THE PROBLEM:
Set down the line that has "Page size: 1241x1754." and each line beneath it, through the last line of the entries, exactly and with no others.

Top of GIVEN DATA

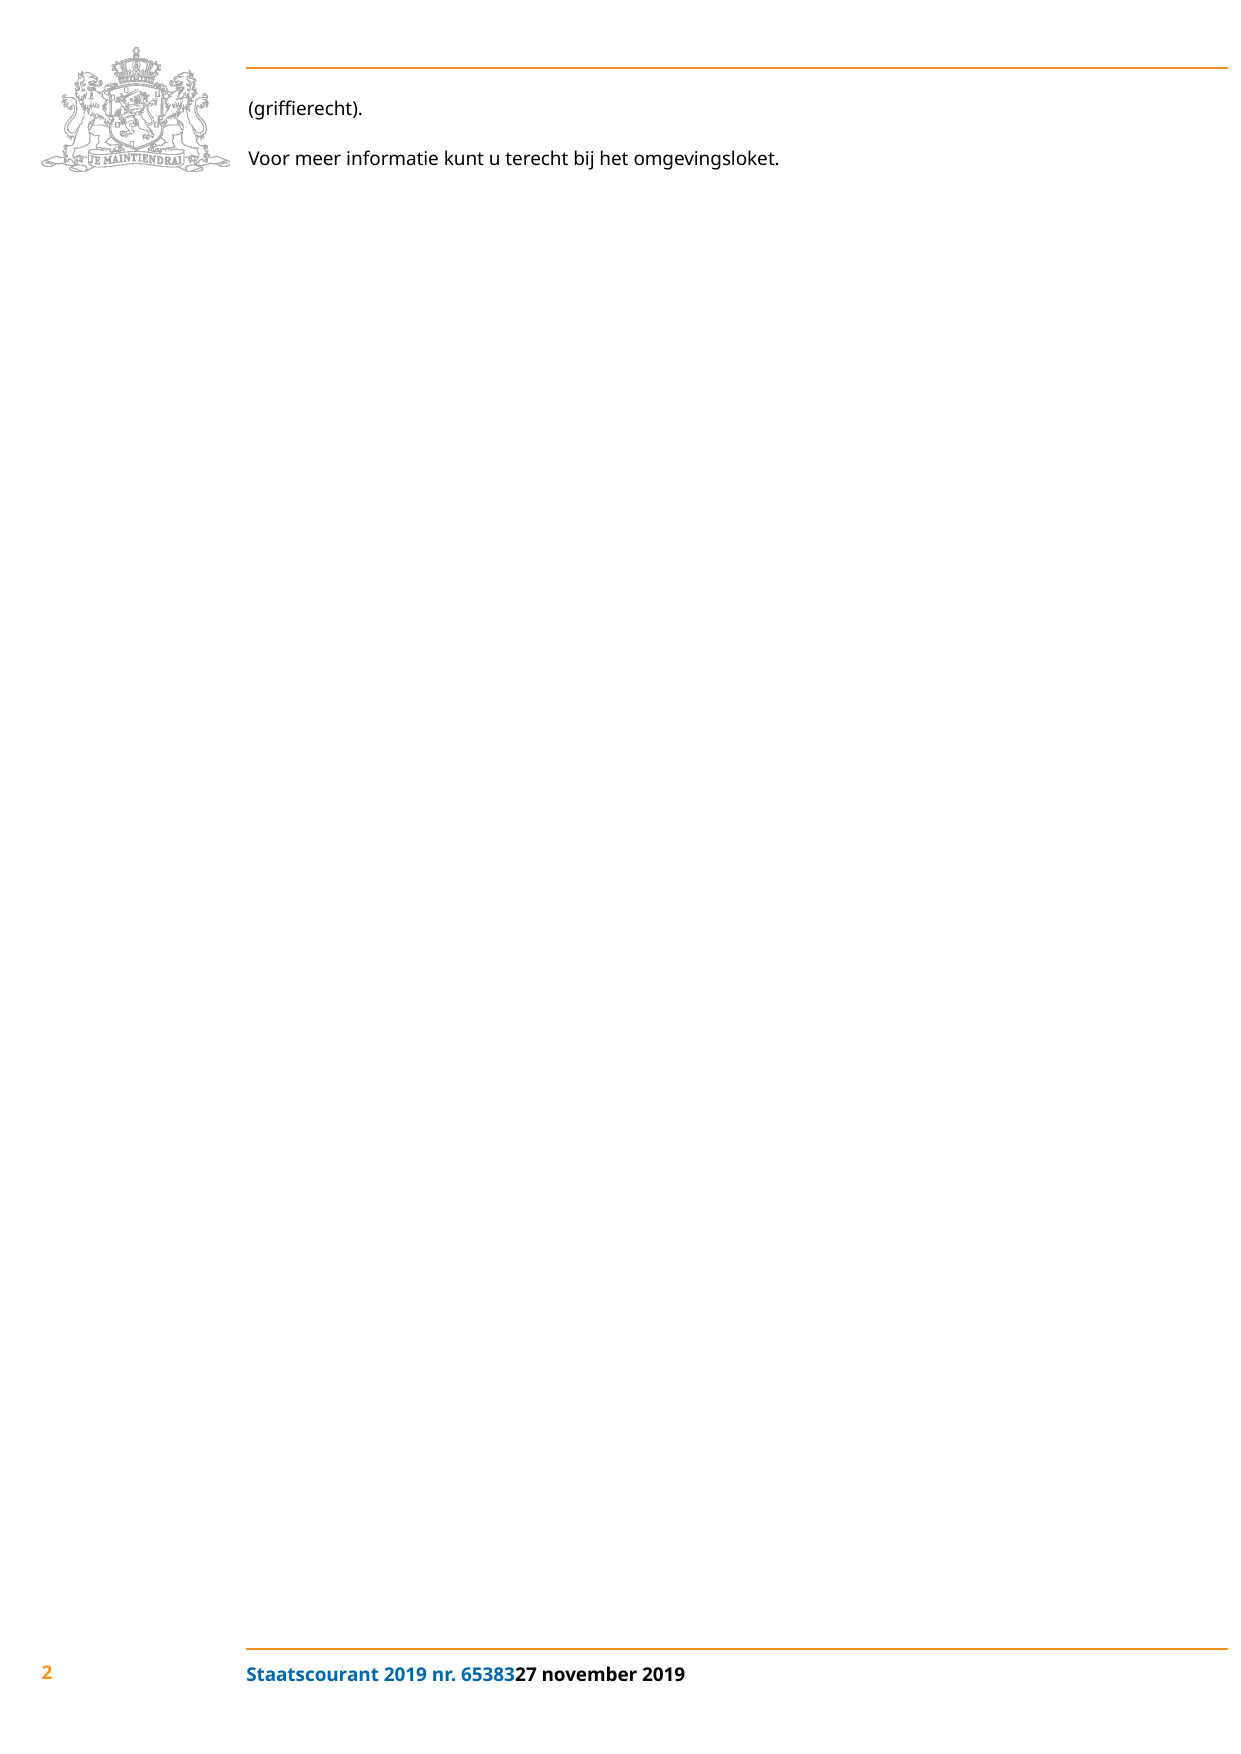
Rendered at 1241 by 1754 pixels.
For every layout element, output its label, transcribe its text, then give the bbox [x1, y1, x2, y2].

text Voor meer informatie kunt u terecht bij het omgevingsloket. [248, 145, 1152, 171]
picture [41, 47, 231, 172]
text (griffierecht). [248, 95, 1152, 121]
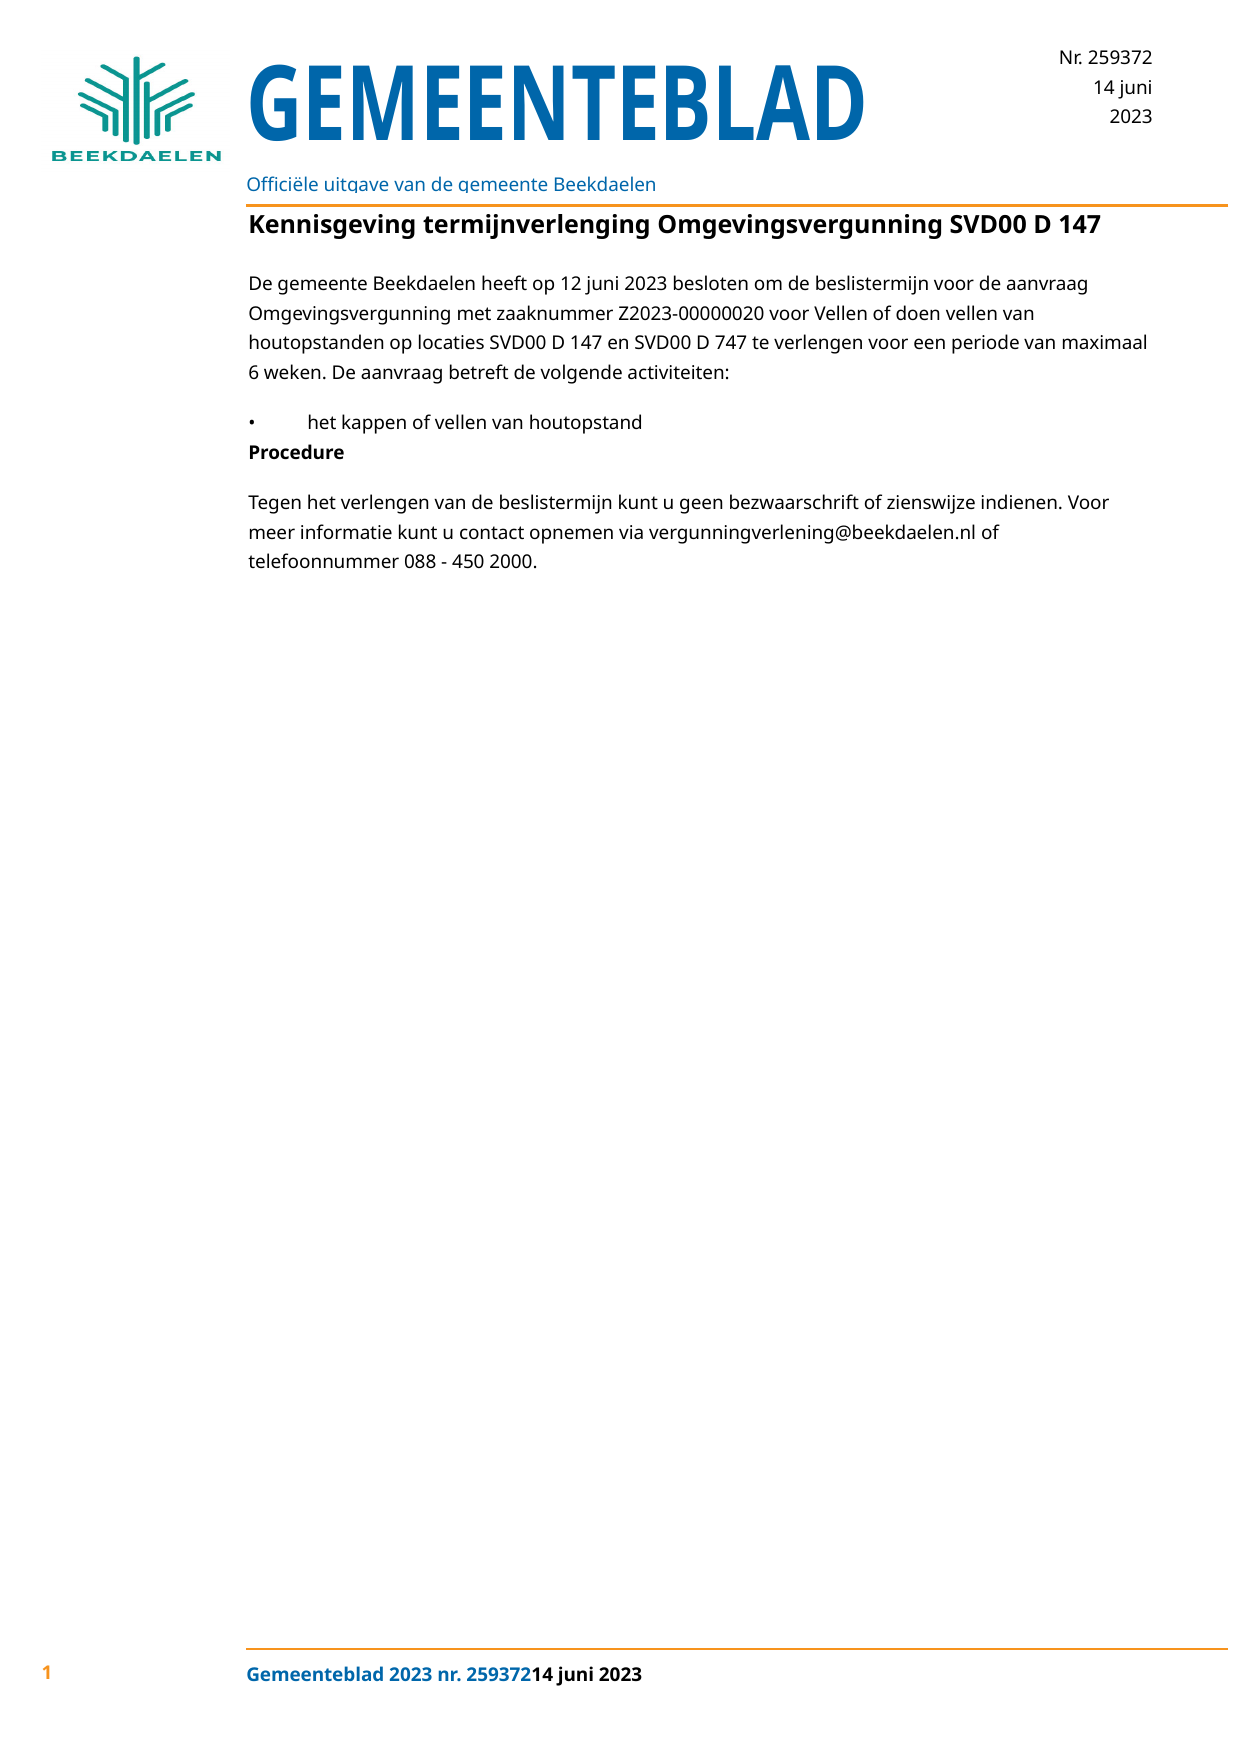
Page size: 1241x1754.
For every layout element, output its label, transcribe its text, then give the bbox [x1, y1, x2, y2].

Bottom of GIVEN DATA

TASK SOLUTION:
Page size: 1241x1754.
For every layout element, output its label, transcribe its text, then give the bbox [x1, y1, x2, y2].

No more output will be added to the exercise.